I know what you’re thinking… why “kung fu?” and “What does martial arts have to do with IT security and how I protect my network?” Well, kung fu is a Chinese term referring to any study, learning, or practice that requires patience, energy, hard work, discipline, and time to complete. So, really, it’s not just martial arts. Perhaps, by this definition, you’re starting to see the parallels we’ve identified with IT security.
Today’s Cybersecurity Climate
According to Forbes®, the cybersecurity marketplace is predicted to be worth $170 billion by 2020—that’s over double its reported size in 2015. But, perhaps most telling of the threats business truly face is the fact that the costs associated with cybercrime are projected to exceed $2 trillion by 2019.
What’s fueling this growth? Well, there are certainly a number of factors, but what’s clear is that hacker motives have strongly shifted towards “financial gains,” at least according to SolarWinds Head Geek™, Destiny Bertucci. While shock-value/notoriety/entertainment supported hacking in its early rise, money has been a major influence in its more recent uptick. Hackers have a lot to gain, and we all have a lot to lose.
Another issue at the root of this rise in cybercrime costs (and the cybersecurity market’s corresponding growth) is the pervasiveness of these crimes. Gone are the days where these modes of attack were reserved for top-notch, tech savvy, and highly motivated individuals. Today, Crime-as-a-Service underpins cybercrime and the technical layman is now being armed with the ability to launch an attack.
Whether or not you’re explicitly tasked with upholding IT security for your business, given the current outlook, it is now everyone’s responsibility. It is no longer a matter of if you’ll get hacked, but when. IT security solutions today are about limiting the attack surface, applying defense in-depth strategies, and leveraging a multitude of tools (not just one or a few) to do so.

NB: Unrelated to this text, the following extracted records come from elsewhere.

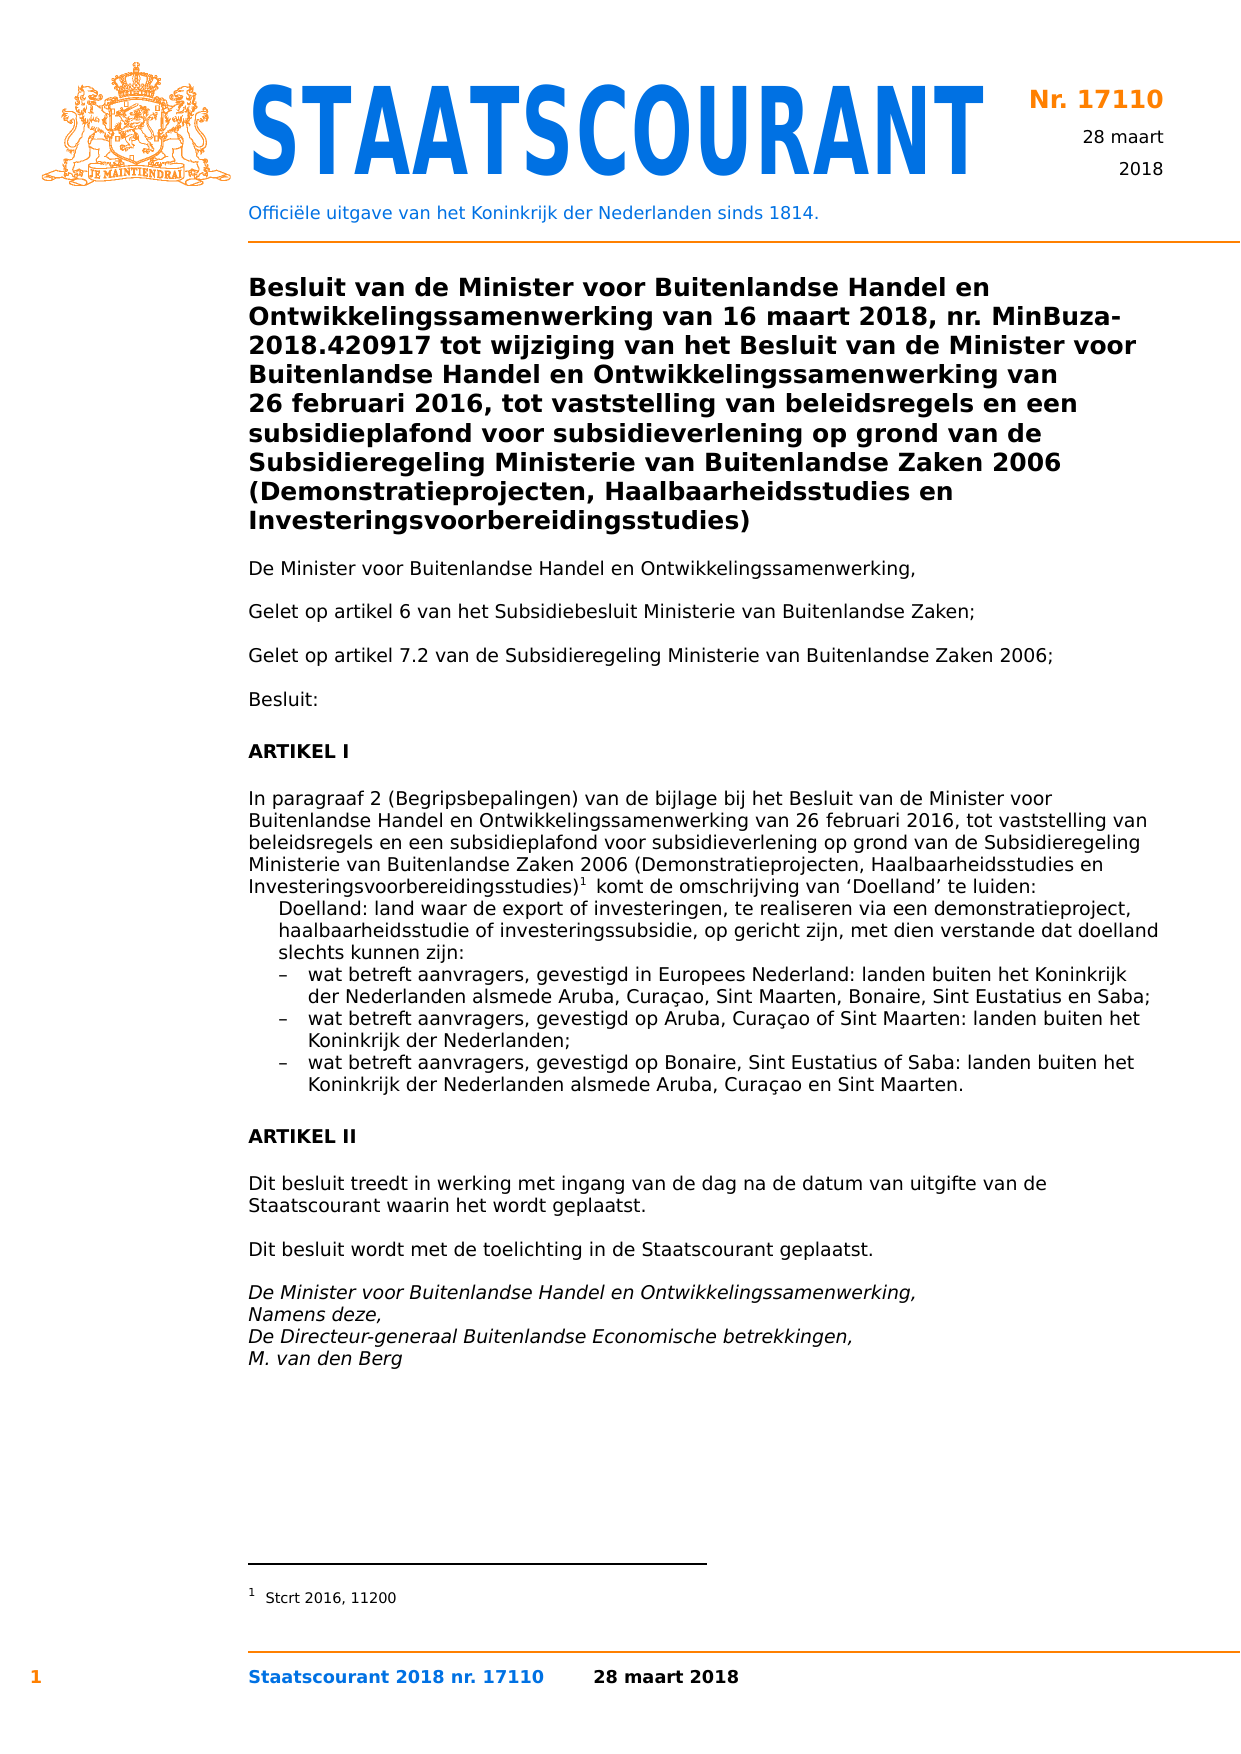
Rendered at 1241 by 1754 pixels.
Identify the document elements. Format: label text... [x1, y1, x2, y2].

text Doelland: land waar de export of investeringen, te realiseren via een demonstratieproject, haalbaarheidsstudie of investeringssubsidie, op gericht zijn, met dien verstande dat doelland slechts kunnen zijn: [278, 898, 1163, 964]
text Gelet op artikel 6 van het Subsidiebesluit Ministerie van Buitenlandse Zaken; [248, 601, 1163, 623]
text De Minister voor Buitenlandse Handel en Ontwikkelingssamenwerking, [248, 557, 1163, 579]
text Besluit: [248, 689, 1163, 711]
text – wat betreft aanvragers, gevestigd in Europees Nederland: landen buiten het Koninkrijk der Nederlanden alsmede Aruba, Curaçao, Sint Maarten, Bonaire, Sint Eustatius en Saba; [278, 964, 1163, 1008]
text Gelet op artikel 7.2 van de Subsidieregeling Ministerie van Buitenlandse Zaken 2006; [248, 645, 1163, 667]
text Dit besluit treedt in werking met ingang van de dag na de datum van uitgifte van de Staatscourant waarin het wordt geplaatst. [248, 1173, 1163, 1217]
text In paragraaf 2 (Begripsbepalingen) van de bijlage bij het Besluit van de Minister voor Buitenlandse Handel en Ontwikkelingssamenwerking van 26 februari 2016, tot vaststelling van beleidsregels en een subsidieplafond voor subsidieverlening op grond van de Subsidieregeling Ministerie van Buitenlandse Zaken 2006 (Demonstratieprojecten, Haalbaarheidsstudies en Investeringsvoorbereidingsstudies) komt de omschrijving van ‘Doelland’ te luiden: [248, 788, 1163, 898]
subtitle ARTIKEL I [248, 741, 1163, 763]
text – wat betreft aanvragers, gevestigd op Bonaire, Sint Eustatius of Saba: landen buiten het Koninkrijk der Nederlanden alsmede Aruba, Curaçao en Sint Maarten. [278, 1052, 1163, 1096]
text Stcrt 2016, 11200 [248, 1586, 1163, 1608]
text De Minister voor Buitenlandse Handel en Ontwikkelingssamenwerking, Namens deze, De Directeur-generaal Buitenlandse Economische betrekkingen, M. van den Berg [248, 1282, 1163, 1370]
text – wat betreft aanvragers, gevestigd op Aruba, Curaçao of Sint Maarten: landen buiten het Koninkrijk der Nederlanden; [278, 1008, 1163, 1052]
table_header Nr. 17110 [998, 62, 1240, 121]
text Dit besluit wordt met de toelichting in de Staatscourant geplaatst. [248, 1238, 1163, 1260]
table_header STAATSCOURANT [248, 62, 998, 203]
table_header [25, 62, 248, 241]
table_cell Officiële uitgave van het Koninkrijk der Nederlanden sinds 1814. [248, 203, 1240, 241]
subtitle ARTIKEL II [248, 1126, 1163, 1148]
picture [41, 62, 231, 186]
subtitle Besluit van de Minister voor Buitenlandse Handel en Ontwikkelingssamenwerking van 16 maart 2018, nr. MinBuza-2018.420917 tot wijziging van het Besluit van de Minister voor Buitenlandse Handel en Ontwikkelingssamenwerking van 26 februari 2016, tot vaststelling van beleidsregels en een subsidieplafond voor subsidieverlening op grond van de Subsidieregeling Ministerie van Buitenlandse Zaken 2006 (Demonstratieprojecten, Haalbaarheidsstudies en Investeringsvoorbereidingsstudies) [248, 273, 1163, 536]
table_cell 28 maart [998, 121, 1240, 153]
table_cell 2018 [998, 153, 1240, 203]

We recently opened our cyber-dojo to allow our very own Security Kung Fu Masters to bestow their wisdom and teachings unto the larger IT community. Black belts in white hat hacking, industry mavens, scholars of security, and even former compliance auditors joined ranks to discuss these very subjects in a four-part webinar series aptly named “Security Kung Fu.” If you missed the live versions of these sessions, no need to worry—we have made them all available on-demand for your viewing pleasure. Read along to see what each stage in this journey had to offer.
In Part 1, we took an in-depth look at the cybersecurity climate businesses are currently facing and educated ourselves on the cybercrime industry as a whole. Using the Lockheed Martin Cyber Kill Chain® as an example, we discussed the role SIEM solutions play in identifying security threats and discussed the unique capabilities of such solutions to allow users to go back in time to conduct forensic analysis of security incidents and verified threats.
Playing With Fire(wall) Logs
Part 2 of the series turned our attention to the periphery of a network to focus on how firewalls serve as a first line of defense against security threats. In addition to discussing the patterns of attack that have been demonstrated countless times by hackers, we showed how firewall log data can give notice of network infiltration attempts, data exfiltration, and more. Beyond that, we discussed how Network Configuration and Change Management (NCCM) solutions can contribute to a deeper IT security solution by helping to alert you to config changes on firewalls (and other network devices), in addition to a host of other capabilities.
The Security Threats From Within
In Part 3, we took an introspective look to discuss the threats coming from within, or at least identified from within a business' own network. We looked at how Active Directory® changes such as adding users to privileged groups, escalating privileges, and changing user accounts may not only be indicators of malicious activity on the network, but the very acts themselves can create security holes that may lead to future compromises. We discussed the need to track these changes appropriately in order to give critical insight into anomalous activity and promote the long-term security health of an IT operation.
Two Schools of Thought: Security vs. Compliance
Part 4, the final chapter of the Security Kung Fu Series, we covered a subject that had only served as an undertone in our previous sessions: compliance. We discussed why letting compliance rule the security strategy for a business can ultimately lead to pitfalls that compromise both objectives.